Claudie Blakley (Varya), James Laurenson (Gaev), Charity Wakefield (Anya) and Kenneth Cranham (Fiers) in The Cherry Orchard at the Olivier, National Theatre, London Photo: Catherine Ashmore
Andrew Upton’s consciously modern, extremely lively ‘version’ of the original is also spattered with the odd “frigging”, “bollocks” and “bozo” here and “rank garbage” there - but despite all this, the overall effect on the production is (perhaps oddly enough) not to drag it away from its period, but to remind us that the passing of a way of life is also a pressingly modern concern. Deep feeling still has space to breath and the feel is quiet, elegiac and wistful when it needs to be. Neil Austin’s soft autumn light casts a gentle glow on Bunny Christie’s beautifully designed dacha set, its stripped floorboards speaking of a grandeur and sparkle that is long gone.

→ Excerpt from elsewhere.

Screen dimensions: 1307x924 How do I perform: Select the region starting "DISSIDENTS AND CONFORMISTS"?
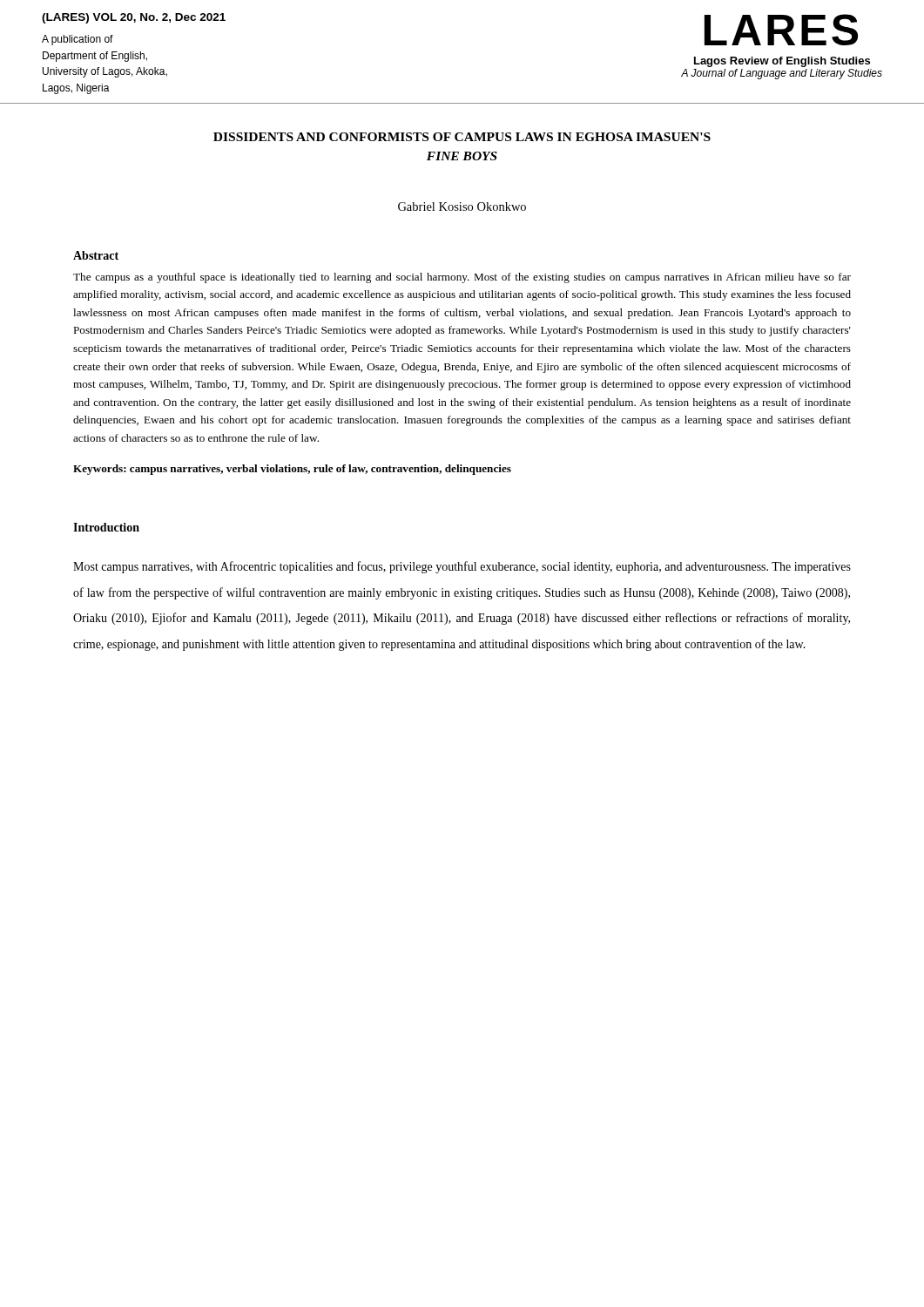462,146

Zoe Wanamaker gives us a finely-judged Ranyevskaya. Deep voiced, muscular in tone, she faces her uncertain future with clear eyes and a certain amused panache. Conleth Hill is also excellent as the successful merchant Lopakhin. The one-time peasant boy who eventually takes control of the estate and the cherry orchard is in his hands a complex figure, his frailties making him feel real and even likable - vindictive in his moment of triumph, penitential the next. Mark Bonnar brings a softness as well as a sense of the comic absurdity to the prickly idealism of student Trofimov who yearns to escape and be free.
These are characters who seem to really know each other, with the audience glimpsing snippets of their colliding, changing lives in a production that is intelligent, unafraid and sometimes very funny - but no less moving for that.